4. Tratamiento farmacológico in vivo (placa de 96 pocillos)
   1. Mediante el uso de estereomicroscopía fluorescente, se examinan los embriones para confirmar el éxito del injerto (Figura 2C). Asegúrese de que la yema esté intacta, ya que el entorno de la yema podría ser tóxico para las células del injerto²¹. Deseche los embriones con células en la yema.

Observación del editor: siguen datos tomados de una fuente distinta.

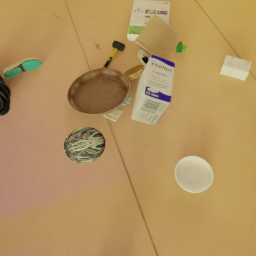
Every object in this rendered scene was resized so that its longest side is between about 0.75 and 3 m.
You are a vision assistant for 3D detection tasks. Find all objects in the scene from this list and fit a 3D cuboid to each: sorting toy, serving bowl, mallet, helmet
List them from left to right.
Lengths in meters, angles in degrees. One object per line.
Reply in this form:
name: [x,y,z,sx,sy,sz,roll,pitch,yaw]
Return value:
helmet: [-1.226,0.486,8.042,1.137,1.084,1.137,0,88,8]
mallet: [-0.693,-3.397,13.430,0.619,0.387,1.878,18,66,6]
sorting toy: [1.729,-4.158,13.602,2.341,0.345,1.730,37,85,1]
serving bowl: [2.388,1.745,10.291,1.396,0.459,1.396,0,60,1]

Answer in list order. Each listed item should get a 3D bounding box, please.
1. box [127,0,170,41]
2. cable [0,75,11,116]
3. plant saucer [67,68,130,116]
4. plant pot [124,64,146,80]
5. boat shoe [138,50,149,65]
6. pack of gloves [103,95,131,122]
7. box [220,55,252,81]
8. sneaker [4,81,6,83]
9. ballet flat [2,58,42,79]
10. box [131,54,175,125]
box: [1.122,-5.601,14.607,2.026,0.510,2.807,6,58,4]
cable: [-4.434,-1.317,8.577,0.567,2.231,1.820,-27,22,9]
plant saucer: [-1.219,-1.497,12.000,2.721,0.469,2.721,-6,53,7]
plant pot: [0.275,-2.508,12.508,1.288,0.177,1.288,-24,25,12]
boat shoe: [0.779,-3.302,13.276,0.473,0.432,1.314,-10,60,-6]
pack of gloves: [-0.847,-1.004,12.064,1.793,0.354,1.507,20,60,23]
box: [4.949,-2.770,12.881,1.171,0.571,0.729,19,61,12]
sneaker: [-5.895,-2.131,12.410,1.286,1.094,2.939,3,66,-18]
ballet flat: [-4.928,-2.875,12.944,1.861,0.628,0.580,-25,53,-14]
box: [1.003,-1.477,11.248,1.074,1.882,2.047,15,60,-8]
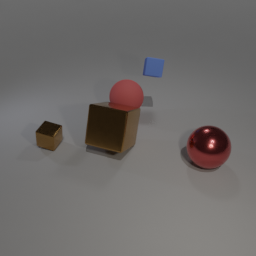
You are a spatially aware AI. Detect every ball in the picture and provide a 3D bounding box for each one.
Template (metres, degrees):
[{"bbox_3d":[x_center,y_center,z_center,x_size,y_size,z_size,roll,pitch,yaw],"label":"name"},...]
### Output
[{"bbox_3d":[2.608,0.614,9.076,1.400,1.400,1.400,0,33,0],"label":"ball"},{"bbox_3d":[-0.061,-1.270,11.400,1.400,1.400,1.400,0,33,0],"label":"ball"}]

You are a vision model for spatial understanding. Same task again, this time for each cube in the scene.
[{"bbox_3d":[-0.509,-0.081,9.790,1.400,1.400,1.400,12,13,18],"label":"cube"},{"bbox_3d":[-2.829,0.276,10.092,0.700,0.700,0.700,16,40,7],"label":"cube"},{"bbox_3d":[1.020,-2.438,11.322,0.700,0.700,0.700,8,9,-5],"label":"cube"}]

   2. Prepare 2,5 mL de una solución concentrada 2x para cada condición de medicamento que se va a probar en E3/P/S con DMSO al 0,5%. Además, prepare una solución de control de vehículos de 5 ml que contenga 0,5% de DMSO en E3/P/S.
   3. Añada 100 μL de E3/P/S + 0,5% de DMSO a cada pocillo de una placa de 96 pocillos. Este paso evita la transferencia involuntaria de cantidades mínimas de fármaco entre pocillos.
   4. Transfiera cuidadosamente un embrión injertado a cada pocillo. Utilice una pipeta Pasteur de vidrio para recoger cada embrión en la menor cantidad posible de medio E3.
   5. Deje que el embrión se hunda hasta el fondo de la punta de la pipeta inclinando suavemente la pipeta y libérela en el pocillo utilizando fuerzas capilares. Evite tocar el medio en el pocillo durante la transferencia.
   6. Agregue soluciones de fármaco a la placa: Llene 24 pocillos (2 filas) de la placa de 96 pocillos con 100 μL de la solución de control del vehículo o de una de las tres soluciones de fármaco concentradas 2x.
      NOTA: Las concentraciones efectivas del fármaco deben determinarse en experimentos previos específicos para cada fármaco que se esté probando.
   7. Mantener los embriones a 35 °C durante 72 h, incluidos los embriones no trasplantados, que servirán como controles para el análisis de citometría de flujo el día 7.

6. Día 7

1. Disociación embrión/injerto
   1. Examinar la placa de 96 pocillos mediante microscopía estereoscópica para identificar y seleccionar embriones sanos de pez cebra. Agrupe aleatoriamente 10 embriones huéspedes sanos de cada afección en un tubo de microcentrífuga de 1,5 ml (lo ideal es que haya 2 tubos por afección).
   2. Extraer la mayor cantidad de líquido posible de cada tubo que contenga embriones y sacrificar los embriones por choque hipotérmico incubando los tubos en hielo durante 1 h.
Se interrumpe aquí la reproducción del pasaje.